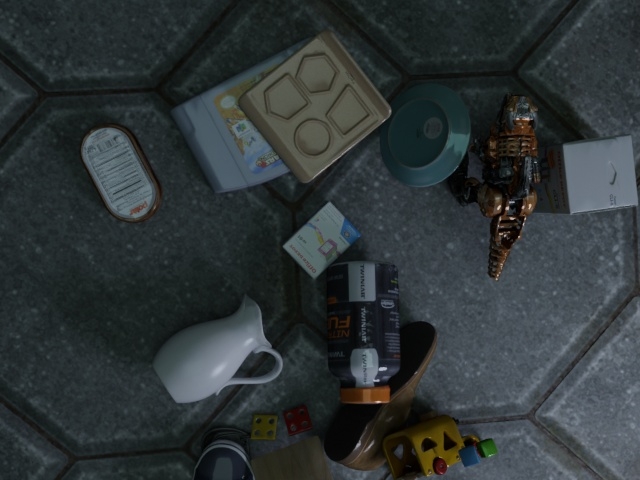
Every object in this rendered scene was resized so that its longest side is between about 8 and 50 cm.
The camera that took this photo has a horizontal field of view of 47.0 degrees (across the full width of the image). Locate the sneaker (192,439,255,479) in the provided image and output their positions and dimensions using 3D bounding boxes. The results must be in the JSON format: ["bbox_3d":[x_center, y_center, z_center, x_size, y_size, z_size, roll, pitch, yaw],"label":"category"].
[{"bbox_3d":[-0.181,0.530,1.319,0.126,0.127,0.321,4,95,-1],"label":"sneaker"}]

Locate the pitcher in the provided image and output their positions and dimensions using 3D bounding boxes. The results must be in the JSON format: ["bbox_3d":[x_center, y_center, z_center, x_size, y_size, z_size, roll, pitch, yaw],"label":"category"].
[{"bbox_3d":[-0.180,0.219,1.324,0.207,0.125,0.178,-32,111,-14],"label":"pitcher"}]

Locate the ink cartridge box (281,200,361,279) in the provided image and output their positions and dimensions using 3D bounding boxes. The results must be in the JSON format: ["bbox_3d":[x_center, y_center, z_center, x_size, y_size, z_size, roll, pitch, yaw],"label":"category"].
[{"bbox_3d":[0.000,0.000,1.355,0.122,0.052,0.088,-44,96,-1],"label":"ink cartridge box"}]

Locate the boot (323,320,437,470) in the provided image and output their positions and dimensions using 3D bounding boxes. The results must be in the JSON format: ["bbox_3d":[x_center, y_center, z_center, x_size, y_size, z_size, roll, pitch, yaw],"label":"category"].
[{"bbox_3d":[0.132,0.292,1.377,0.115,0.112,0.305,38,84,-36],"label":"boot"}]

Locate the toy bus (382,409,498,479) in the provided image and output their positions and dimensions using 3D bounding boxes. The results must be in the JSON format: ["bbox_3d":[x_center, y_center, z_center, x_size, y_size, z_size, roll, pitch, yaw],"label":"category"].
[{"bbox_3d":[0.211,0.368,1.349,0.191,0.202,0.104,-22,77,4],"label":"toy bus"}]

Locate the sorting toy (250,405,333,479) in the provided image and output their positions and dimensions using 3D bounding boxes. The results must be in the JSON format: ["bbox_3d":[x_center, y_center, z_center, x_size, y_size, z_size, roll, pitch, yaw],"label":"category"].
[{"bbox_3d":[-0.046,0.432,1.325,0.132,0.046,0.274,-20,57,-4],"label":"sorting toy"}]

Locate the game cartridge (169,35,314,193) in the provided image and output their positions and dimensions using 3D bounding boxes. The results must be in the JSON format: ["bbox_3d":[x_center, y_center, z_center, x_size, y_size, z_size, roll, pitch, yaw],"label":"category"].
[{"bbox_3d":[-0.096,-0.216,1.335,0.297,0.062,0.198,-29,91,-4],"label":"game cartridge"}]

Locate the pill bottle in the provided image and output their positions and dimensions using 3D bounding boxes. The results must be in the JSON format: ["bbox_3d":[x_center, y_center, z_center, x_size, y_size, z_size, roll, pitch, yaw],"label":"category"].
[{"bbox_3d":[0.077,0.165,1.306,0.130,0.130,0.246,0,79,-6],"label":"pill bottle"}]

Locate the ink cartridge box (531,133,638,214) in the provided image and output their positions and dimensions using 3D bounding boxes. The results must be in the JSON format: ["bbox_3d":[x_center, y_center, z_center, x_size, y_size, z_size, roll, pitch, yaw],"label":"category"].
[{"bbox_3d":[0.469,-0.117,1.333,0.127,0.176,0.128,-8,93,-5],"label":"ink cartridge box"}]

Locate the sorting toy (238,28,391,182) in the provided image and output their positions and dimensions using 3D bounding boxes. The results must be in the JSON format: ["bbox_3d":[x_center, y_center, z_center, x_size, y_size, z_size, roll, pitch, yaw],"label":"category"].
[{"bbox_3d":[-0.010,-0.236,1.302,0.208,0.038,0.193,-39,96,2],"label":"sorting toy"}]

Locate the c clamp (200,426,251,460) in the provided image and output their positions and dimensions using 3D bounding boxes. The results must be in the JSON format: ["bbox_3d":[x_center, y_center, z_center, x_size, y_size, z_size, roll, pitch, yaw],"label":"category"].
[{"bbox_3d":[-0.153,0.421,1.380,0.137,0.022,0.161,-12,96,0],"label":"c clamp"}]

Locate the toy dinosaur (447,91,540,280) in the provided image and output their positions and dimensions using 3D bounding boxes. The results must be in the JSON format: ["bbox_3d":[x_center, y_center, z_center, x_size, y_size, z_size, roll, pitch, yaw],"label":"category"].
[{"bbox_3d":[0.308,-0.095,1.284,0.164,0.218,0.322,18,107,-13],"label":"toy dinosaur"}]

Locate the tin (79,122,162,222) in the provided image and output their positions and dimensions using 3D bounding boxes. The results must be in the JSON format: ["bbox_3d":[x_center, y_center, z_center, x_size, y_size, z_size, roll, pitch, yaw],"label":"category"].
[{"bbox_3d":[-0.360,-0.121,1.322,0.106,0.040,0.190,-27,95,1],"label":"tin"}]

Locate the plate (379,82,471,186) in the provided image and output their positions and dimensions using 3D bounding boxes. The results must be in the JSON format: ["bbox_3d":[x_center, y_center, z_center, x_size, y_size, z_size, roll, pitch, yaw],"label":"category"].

---

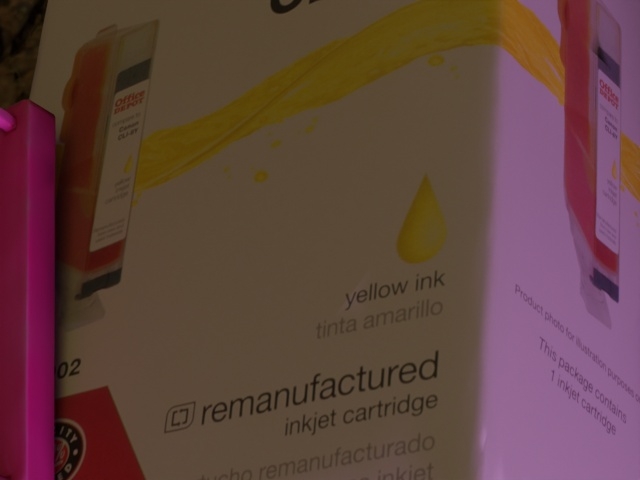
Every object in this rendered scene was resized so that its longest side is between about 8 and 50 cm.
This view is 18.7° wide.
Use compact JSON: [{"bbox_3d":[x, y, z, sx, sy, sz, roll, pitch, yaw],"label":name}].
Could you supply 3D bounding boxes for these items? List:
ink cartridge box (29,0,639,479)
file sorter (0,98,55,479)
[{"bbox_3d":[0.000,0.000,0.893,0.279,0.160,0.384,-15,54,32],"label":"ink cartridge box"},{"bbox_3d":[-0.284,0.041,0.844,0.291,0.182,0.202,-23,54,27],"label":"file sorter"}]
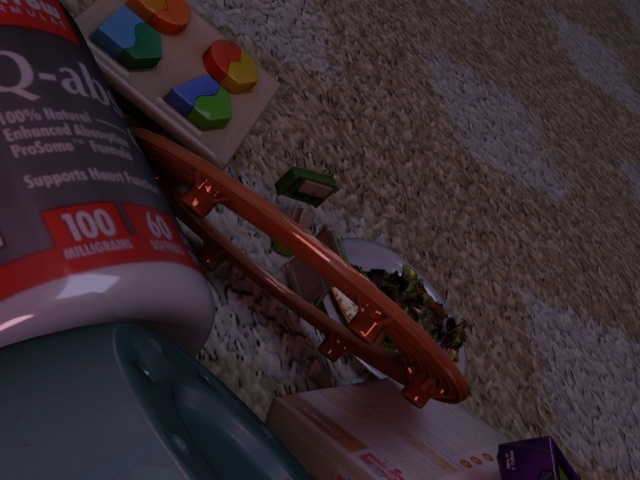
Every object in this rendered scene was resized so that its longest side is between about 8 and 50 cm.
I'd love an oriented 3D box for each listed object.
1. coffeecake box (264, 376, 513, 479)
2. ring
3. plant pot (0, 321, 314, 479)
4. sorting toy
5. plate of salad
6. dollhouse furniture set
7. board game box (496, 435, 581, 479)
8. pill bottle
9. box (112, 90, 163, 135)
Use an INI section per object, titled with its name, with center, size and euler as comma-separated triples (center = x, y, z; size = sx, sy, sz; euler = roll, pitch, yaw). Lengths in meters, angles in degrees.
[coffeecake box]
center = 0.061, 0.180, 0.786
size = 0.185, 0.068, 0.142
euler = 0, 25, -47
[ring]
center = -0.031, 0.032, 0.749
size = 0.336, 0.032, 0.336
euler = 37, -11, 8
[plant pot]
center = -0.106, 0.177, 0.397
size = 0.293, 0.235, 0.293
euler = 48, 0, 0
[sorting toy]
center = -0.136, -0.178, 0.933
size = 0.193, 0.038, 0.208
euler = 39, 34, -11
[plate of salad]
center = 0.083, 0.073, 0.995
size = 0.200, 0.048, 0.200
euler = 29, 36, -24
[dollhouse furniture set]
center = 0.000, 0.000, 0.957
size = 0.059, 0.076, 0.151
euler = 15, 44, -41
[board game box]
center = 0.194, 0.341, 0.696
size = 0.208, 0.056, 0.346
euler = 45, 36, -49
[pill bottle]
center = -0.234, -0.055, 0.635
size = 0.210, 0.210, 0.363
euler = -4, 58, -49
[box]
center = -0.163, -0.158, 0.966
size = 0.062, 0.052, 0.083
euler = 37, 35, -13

---

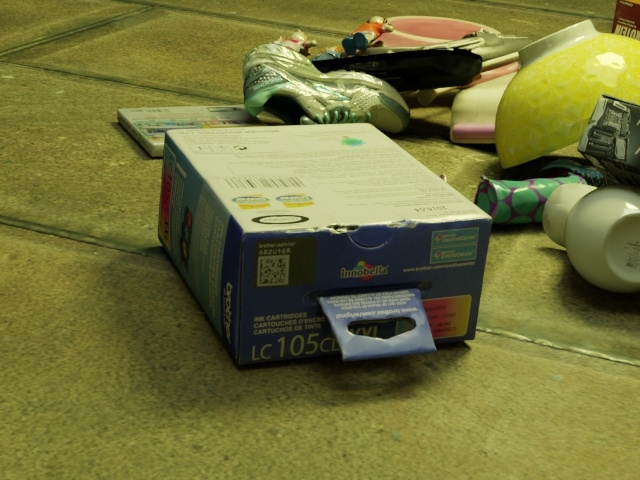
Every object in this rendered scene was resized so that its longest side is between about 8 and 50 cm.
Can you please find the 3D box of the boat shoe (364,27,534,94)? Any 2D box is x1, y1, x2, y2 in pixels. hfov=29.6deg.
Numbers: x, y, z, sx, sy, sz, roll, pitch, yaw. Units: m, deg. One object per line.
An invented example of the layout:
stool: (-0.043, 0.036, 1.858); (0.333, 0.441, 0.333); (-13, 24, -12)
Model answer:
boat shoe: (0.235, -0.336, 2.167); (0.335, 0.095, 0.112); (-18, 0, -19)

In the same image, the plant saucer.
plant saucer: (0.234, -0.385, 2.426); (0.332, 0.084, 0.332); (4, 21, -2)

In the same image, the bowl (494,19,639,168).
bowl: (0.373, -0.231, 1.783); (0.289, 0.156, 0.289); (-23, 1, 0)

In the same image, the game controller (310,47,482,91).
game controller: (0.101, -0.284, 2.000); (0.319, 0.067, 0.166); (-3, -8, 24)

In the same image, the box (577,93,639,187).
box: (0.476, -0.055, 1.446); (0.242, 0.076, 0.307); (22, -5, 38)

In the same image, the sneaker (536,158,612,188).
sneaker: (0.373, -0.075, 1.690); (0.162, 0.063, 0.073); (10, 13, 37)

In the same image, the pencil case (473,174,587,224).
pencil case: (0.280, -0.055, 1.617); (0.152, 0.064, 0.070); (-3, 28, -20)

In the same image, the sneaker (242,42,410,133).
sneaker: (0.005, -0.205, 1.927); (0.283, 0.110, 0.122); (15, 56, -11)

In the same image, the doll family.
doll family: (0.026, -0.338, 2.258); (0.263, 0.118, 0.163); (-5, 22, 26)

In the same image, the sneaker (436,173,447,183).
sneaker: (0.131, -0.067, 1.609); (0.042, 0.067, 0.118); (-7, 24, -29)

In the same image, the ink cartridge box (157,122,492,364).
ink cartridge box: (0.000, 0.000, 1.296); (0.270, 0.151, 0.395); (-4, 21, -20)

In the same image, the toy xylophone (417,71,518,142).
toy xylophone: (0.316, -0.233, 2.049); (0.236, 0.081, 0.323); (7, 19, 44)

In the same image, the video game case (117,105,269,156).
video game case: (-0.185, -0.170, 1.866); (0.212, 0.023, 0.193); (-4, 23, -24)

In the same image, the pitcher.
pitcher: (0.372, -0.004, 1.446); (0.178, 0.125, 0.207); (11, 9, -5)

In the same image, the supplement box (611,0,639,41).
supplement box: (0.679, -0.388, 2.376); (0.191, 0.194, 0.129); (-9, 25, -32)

---

### Directions
The range runs from the line above containing "Locate the tin" to the line containing "Locate the plate", inclusive. Restate those lines word for word and no others.

### Task solution
Locate the tin (79,122,162,222) in the provided image and output their positions and dimensions using 3D bounding boxes. The results must be in the JSON format: ["bbox_3d":[x_center, y_center, z_center, x_size, y_size, z_size, roll, pitch, yaw],"label":"category"].
[{"bbox_3d":[-0.360,-0.121,1.322,0.106,0.040,0.190,-27,95,1],"label":"tin"}]

Locate the plate (379,82,471,186) in the provided image and output their positions and dimensions using 3D bounding boxes. The results must be in the JSON format: ["bbox_3d":[x_center, y_center, z_center, x_size, y_size, z_size, roll, pitch, yaw],"label":"category"].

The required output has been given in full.